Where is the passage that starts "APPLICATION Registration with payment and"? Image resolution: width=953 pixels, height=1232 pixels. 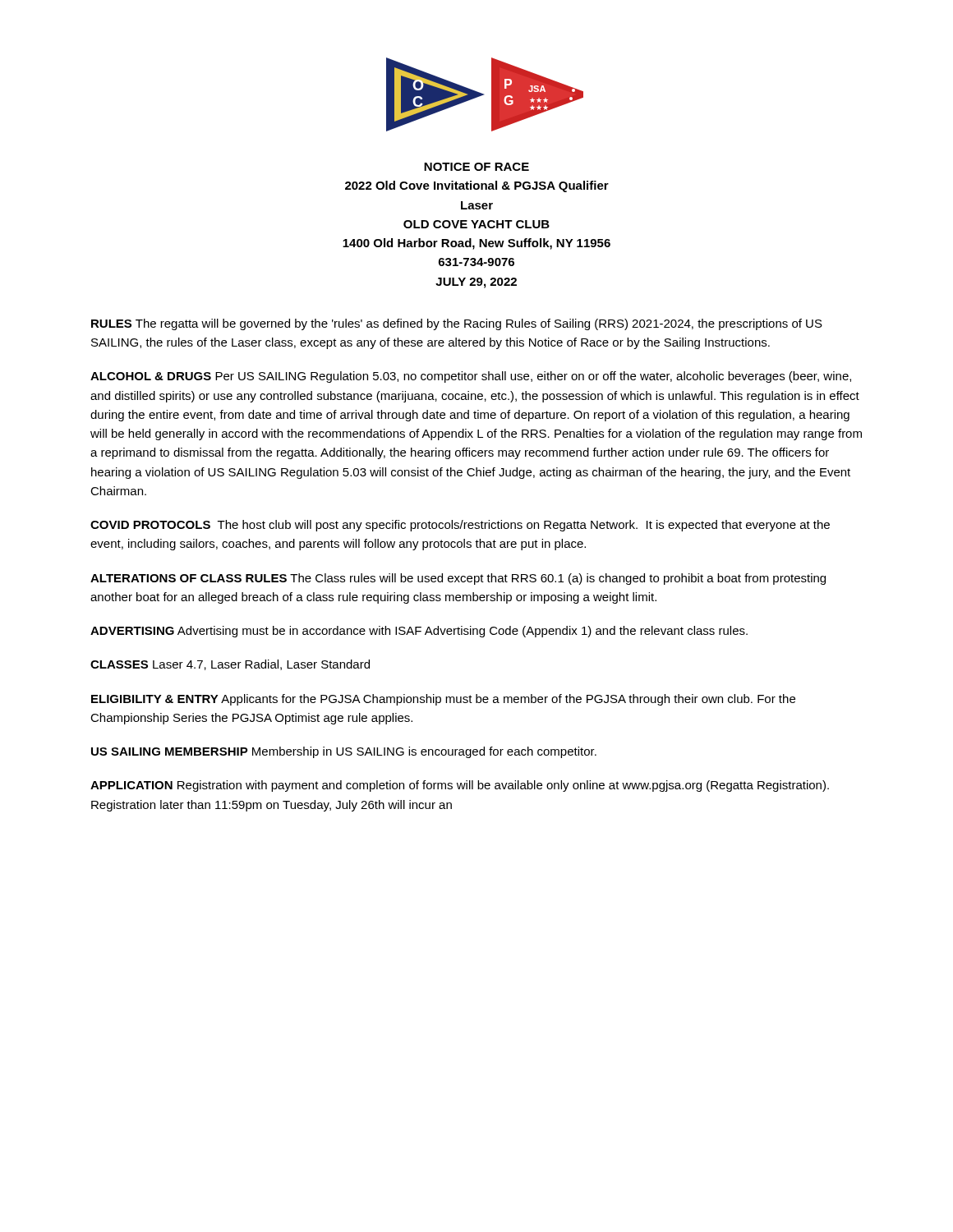[460, 795]
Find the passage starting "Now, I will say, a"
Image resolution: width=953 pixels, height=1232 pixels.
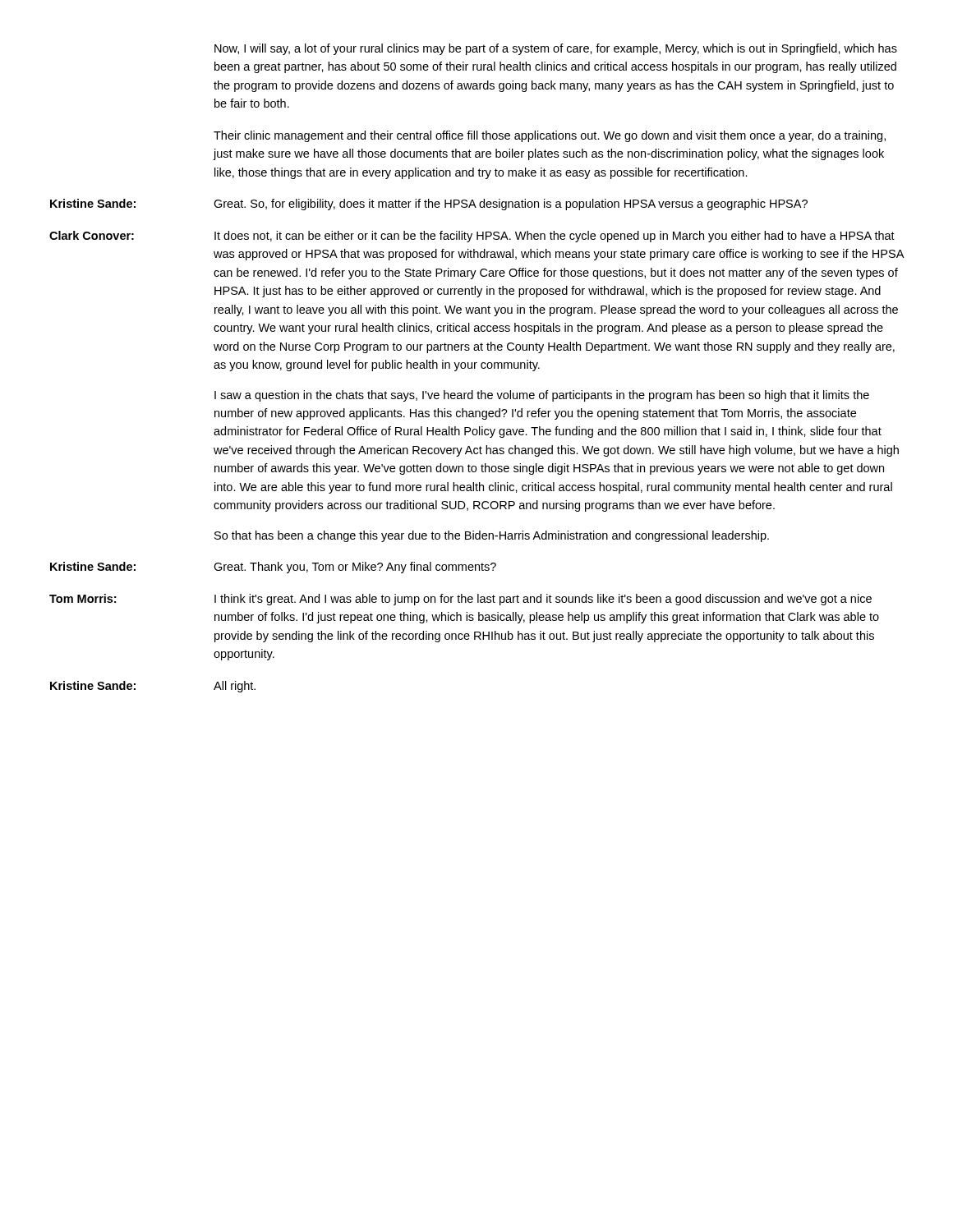[559, 76]
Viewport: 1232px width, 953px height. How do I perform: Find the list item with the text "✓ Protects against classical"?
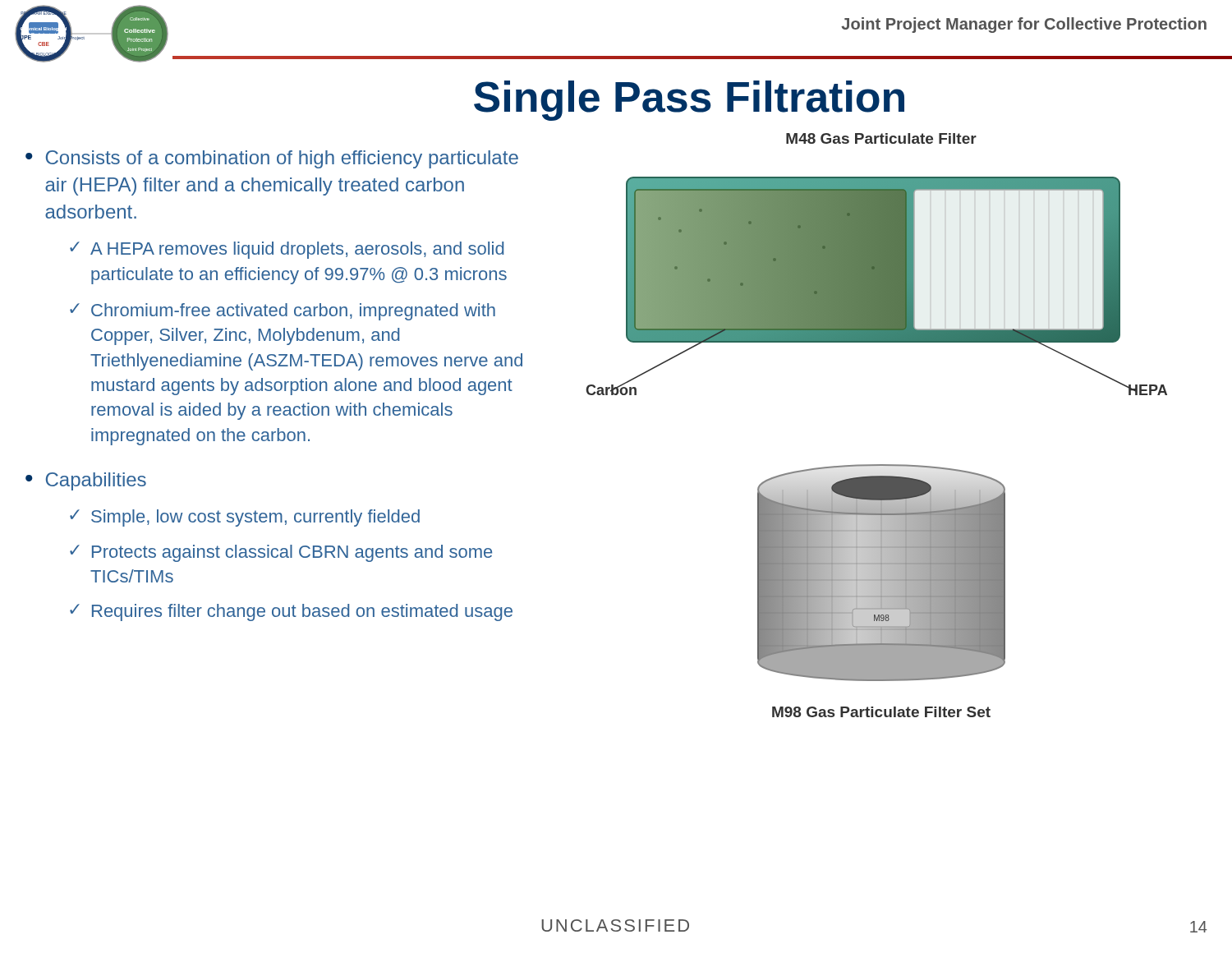pos(303,564)
════════
→ **What the task requires**
Both ends included, copy the lines from the one holding "Find the passage" to the last line of the entries exactly, with all pictures left out.

→ **Result of the task**
Find the passage starting "Now, I will say, a"
Image resolution: width=953 pixels, height=1232 pixels.
[559, 76]
Viewport: 1232px width, 953px height. How do I perform: Find the list item with the text "✓ Protects against classical"?
pos(303,564)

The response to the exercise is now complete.